■ **Activity**
Below are entries; repeat exactly, and nothing else, the lines from the one holding "Reply with compact" through the one holding "A 3D bounding box for", inclusive. Leave the pictures out.
════════
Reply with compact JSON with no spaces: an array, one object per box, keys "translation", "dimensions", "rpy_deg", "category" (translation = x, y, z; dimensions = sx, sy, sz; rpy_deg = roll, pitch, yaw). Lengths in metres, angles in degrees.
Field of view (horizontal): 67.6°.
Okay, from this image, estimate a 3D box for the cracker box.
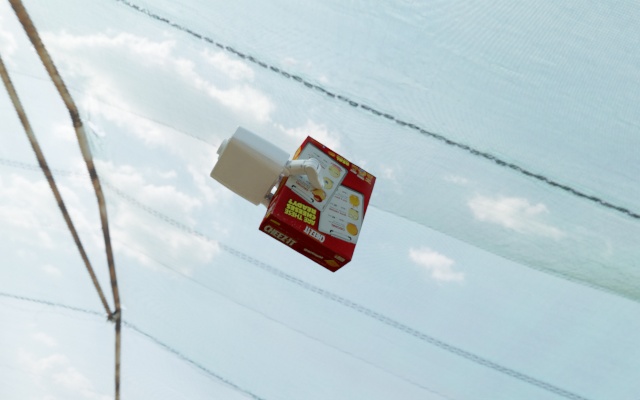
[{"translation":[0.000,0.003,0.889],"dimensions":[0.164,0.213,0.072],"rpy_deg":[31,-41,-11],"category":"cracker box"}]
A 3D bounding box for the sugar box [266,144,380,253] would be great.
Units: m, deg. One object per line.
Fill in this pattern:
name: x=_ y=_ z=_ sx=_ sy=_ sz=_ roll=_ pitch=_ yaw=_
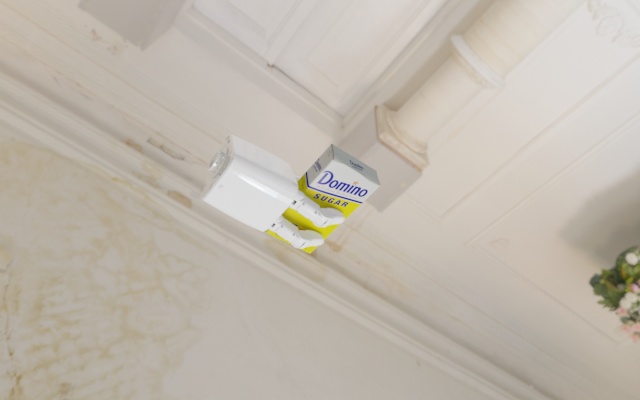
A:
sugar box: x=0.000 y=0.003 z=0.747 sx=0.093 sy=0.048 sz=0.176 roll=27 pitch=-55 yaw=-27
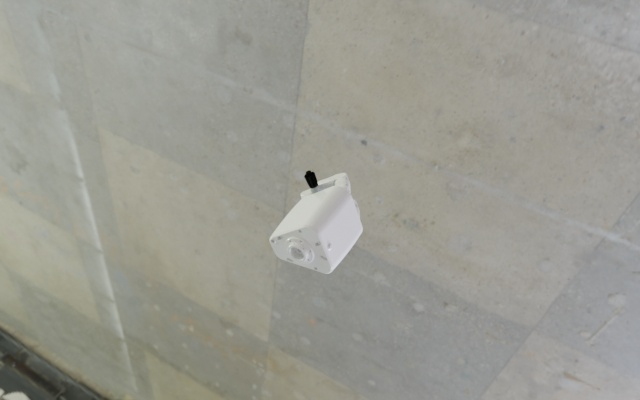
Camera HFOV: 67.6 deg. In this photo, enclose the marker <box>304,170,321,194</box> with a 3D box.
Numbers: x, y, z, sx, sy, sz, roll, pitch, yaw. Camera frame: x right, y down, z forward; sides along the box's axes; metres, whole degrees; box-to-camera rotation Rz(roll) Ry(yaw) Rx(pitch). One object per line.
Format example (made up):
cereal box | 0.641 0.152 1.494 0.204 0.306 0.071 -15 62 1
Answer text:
════════
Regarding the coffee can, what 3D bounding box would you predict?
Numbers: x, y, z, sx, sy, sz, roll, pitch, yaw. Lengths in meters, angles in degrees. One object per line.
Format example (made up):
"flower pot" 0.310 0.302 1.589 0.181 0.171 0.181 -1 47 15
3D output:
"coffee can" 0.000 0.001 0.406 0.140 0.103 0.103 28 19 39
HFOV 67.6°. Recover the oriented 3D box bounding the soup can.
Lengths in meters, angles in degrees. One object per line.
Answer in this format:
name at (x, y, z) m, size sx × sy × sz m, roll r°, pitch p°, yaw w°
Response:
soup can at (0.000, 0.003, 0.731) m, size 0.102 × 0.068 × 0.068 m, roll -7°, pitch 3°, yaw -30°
════════
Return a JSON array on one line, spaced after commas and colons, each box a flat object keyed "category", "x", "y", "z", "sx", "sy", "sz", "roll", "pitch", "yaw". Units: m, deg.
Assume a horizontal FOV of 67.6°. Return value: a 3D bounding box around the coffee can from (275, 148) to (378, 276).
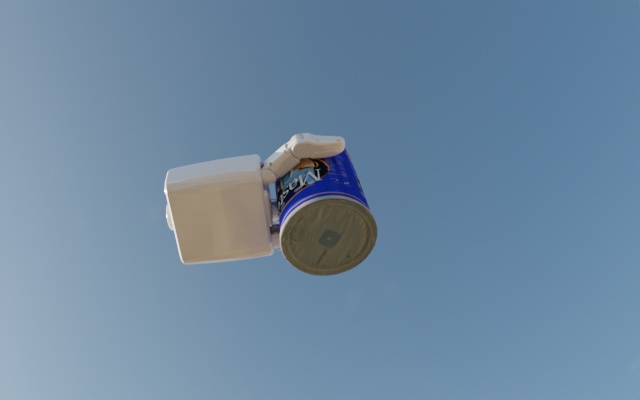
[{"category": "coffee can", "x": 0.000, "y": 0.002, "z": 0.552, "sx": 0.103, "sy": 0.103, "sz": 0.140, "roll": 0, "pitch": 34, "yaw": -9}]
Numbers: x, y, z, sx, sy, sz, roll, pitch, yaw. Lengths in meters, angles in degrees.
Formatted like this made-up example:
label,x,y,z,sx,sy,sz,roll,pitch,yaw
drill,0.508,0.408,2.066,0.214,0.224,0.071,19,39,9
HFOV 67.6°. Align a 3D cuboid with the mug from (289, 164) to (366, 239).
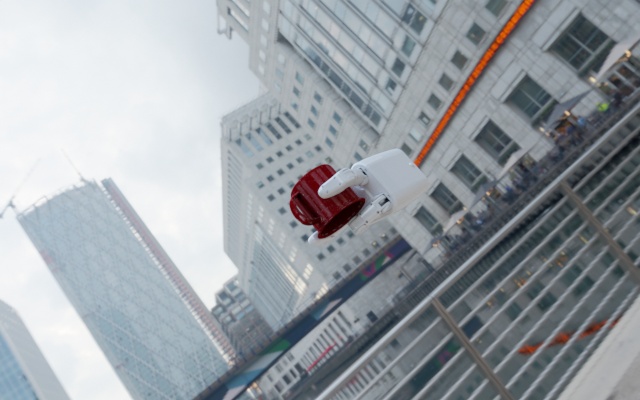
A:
════════
■ **Response for this exercise**
Reply with compact JSON with no spaces: an array, one object per box, keys "translation", "dimensions", "rpy_deg", "category" (translation = x, y, z; dimensions = sx, sy, sz; rpy_deg = roll, pitch, yaw). Lengths in metres, angles in degrees.
Field of view (horizontal): 67.6°.
Okay, from this image, estimate a 3D box for the cracker box.
[{"translation":[0.000,0.003,0.889],"dimensions":[0.164,0.213,0.072],"rpy_deg":[31,-41,-11],"category":"cracker box"}]
A 3D bounding box for the sugar box [266,144,380,253] would be great.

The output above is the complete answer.